La FFA entend mettre les moyens pour ne pas revivre l'échec de Tokyo

La Fédération Française d’athlétisme (FFA) compte briller lors de Paris 2024. Après des Jeux Olympiques de Tokyo marqués par un bilan famélique, une seule médaille d’argent pour Kevin Mayer sur le décathlon, André Giraud et ses équipes ont décidé de réagir. Un plan baptisé « Ambition 2024 » a été présenté ce mardi lors d’un conférence de presse et qui est issu d’une réflexion entre la FFA, la Région Ile-de-France et sur proposition de Marie-José Pérec « On veut créer un collectif d’athlètes qui travaillent sur le sportif, mais pas uniquement, a déclaré le président de la FFA. Nous avons fait le constat depuis plusieurs années qu’il faut apprendre à gérer la compétition, mais aussi l’environnement de l’athlète, l’aspect socio-professionnel, médical, leurs finances, les relations aux médias… » Un projet lancé avec pas moins de 56 athlètes âgés de 17 à 25 ans dont Jimmy Gressier et Hugo Hay, qui ont pris part au 5000m à Tokyo, et qui sera focalisé sur quatre axes majeurs de travail.

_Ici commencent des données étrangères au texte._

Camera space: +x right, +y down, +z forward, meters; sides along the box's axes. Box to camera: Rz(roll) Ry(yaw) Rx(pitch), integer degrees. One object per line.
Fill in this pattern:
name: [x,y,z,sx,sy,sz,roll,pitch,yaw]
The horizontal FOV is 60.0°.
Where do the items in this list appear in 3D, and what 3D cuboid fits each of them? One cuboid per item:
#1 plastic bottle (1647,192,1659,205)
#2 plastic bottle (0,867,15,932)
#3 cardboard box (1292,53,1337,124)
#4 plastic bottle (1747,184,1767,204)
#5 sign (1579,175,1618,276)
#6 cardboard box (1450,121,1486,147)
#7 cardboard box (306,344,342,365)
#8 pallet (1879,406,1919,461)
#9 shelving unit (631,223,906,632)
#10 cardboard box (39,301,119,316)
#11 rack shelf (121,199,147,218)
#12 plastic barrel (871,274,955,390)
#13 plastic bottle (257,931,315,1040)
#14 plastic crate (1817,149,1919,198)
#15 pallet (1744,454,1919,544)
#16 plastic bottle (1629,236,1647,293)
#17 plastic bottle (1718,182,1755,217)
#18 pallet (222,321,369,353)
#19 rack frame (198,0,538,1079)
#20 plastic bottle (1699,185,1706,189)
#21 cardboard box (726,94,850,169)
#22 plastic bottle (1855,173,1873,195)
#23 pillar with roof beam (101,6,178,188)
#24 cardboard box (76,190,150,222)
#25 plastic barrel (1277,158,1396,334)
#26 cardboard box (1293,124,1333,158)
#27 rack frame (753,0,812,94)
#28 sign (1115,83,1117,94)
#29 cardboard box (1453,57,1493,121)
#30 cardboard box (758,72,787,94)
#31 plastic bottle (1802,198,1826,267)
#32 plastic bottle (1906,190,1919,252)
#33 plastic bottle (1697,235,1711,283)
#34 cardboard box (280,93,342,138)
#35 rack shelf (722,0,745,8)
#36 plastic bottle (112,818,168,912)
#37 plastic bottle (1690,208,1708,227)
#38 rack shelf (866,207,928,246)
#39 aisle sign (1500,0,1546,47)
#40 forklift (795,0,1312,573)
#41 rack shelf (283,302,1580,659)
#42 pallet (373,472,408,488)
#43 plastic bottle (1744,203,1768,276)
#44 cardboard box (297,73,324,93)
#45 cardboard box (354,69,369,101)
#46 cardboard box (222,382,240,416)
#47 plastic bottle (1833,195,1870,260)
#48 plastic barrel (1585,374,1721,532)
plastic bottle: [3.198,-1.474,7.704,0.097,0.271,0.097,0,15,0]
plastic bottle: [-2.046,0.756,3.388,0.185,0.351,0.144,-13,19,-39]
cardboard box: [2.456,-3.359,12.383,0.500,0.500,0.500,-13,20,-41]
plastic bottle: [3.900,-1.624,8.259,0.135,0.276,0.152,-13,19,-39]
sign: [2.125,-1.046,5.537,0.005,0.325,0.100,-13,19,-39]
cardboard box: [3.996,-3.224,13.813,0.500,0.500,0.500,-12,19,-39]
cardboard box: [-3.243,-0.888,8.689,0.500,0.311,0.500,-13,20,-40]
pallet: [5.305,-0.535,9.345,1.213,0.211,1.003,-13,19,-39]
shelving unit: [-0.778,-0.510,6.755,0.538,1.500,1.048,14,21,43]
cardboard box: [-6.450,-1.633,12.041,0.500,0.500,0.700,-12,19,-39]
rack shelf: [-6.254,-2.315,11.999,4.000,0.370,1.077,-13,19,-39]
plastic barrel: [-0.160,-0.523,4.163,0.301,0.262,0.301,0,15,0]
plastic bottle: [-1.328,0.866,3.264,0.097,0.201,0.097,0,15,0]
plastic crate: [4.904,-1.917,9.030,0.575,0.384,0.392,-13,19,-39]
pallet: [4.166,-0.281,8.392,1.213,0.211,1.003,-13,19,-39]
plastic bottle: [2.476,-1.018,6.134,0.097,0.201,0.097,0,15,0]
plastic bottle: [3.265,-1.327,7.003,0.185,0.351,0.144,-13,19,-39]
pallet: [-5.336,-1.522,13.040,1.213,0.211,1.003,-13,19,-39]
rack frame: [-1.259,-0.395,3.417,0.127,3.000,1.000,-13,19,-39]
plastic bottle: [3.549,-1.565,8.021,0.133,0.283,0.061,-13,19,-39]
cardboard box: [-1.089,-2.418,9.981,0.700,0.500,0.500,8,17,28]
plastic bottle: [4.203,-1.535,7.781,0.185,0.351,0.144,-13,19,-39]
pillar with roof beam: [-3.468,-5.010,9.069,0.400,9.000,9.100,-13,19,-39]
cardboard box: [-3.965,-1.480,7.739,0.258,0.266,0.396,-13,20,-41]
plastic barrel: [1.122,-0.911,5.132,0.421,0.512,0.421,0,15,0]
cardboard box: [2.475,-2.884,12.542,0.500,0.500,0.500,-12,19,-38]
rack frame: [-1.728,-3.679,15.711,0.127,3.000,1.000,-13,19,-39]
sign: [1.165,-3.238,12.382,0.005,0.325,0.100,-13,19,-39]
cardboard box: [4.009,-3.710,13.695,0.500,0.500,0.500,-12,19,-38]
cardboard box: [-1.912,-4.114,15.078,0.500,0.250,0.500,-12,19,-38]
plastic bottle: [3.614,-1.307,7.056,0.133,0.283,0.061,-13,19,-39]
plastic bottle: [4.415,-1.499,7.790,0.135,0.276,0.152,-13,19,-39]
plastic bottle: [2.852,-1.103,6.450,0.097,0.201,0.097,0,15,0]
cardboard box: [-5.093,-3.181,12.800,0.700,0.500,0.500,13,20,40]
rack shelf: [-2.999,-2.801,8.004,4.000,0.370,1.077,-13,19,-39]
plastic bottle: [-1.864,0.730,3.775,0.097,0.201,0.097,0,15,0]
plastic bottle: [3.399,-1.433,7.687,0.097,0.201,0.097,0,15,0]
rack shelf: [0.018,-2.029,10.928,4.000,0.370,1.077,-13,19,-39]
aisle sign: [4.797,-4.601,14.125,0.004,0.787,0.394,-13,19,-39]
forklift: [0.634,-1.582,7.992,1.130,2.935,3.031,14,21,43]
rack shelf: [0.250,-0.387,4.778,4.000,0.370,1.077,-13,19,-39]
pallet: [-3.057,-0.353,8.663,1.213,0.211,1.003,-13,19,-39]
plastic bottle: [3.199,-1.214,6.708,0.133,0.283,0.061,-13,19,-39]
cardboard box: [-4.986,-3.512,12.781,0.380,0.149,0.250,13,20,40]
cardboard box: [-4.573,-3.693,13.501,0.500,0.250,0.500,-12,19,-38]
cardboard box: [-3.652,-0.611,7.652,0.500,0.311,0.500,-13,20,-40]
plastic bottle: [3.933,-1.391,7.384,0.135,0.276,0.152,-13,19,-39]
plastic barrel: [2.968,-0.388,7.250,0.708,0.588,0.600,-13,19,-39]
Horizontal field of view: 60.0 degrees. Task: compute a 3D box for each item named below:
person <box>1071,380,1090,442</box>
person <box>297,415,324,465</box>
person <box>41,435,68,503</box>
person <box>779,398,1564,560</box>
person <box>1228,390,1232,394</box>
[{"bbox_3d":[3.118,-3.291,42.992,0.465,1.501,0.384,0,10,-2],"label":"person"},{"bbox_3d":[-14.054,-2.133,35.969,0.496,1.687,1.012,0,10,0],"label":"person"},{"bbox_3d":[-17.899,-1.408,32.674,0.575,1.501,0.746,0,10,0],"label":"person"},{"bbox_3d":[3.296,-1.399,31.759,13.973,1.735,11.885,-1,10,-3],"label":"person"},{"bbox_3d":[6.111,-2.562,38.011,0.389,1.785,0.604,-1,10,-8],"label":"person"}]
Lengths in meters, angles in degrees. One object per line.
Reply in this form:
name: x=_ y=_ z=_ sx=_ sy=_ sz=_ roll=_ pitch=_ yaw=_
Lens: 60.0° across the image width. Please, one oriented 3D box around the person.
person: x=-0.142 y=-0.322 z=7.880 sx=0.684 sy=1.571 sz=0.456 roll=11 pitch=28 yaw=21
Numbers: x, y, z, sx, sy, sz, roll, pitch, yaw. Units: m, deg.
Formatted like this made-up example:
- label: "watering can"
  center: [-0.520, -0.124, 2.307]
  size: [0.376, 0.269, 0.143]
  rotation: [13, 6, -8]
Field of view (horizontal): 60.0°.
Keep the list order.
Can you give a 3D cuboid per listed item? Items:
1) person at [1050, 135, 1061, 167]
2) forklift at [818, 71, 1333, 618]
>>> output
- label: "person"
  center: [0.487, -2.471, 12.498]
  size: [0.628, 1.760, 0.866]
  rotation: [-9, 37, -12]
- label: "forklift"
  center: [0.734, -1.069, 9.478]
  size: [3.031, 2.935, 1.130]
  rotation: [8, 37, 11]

La FFA veut offrir aux athlètes les moyens de réussir


Il y aura une formation globale, un travail sur la cohésion mais également sur l’appréhension de disputer une compétition majeure à domicile. L’idée de transmission sera également abordée durant les différents regroupements prévus tant à l’échelle régionale que nationale. Afin de tranquilliser les athlètes et optimiser leur préparation pour Paris 2024, ils bénéficieront d’un soutien financier venant de la Région Ile-de-France, de la FFA mais également de l’Agence Nationale du Sport. A cela s’ajoutera des échanges avec des sportifs issus d’autres disciplines, tels Samir Ait-Saïd récemment. Toutefois, la contrepartie à l’intégration dans ce programme de développement sera la recherche de la performance. En effet, le groupe initial de 56 athlètes pourrait être amené à évoluer avec, notamment, des sorties si le niveau n’est pas suffisant. L’idée reste de fournir le meilleur encadrement possible à la jeune génération pour qu’elle puisse être performante à Paris en 2024 mais également au-delà.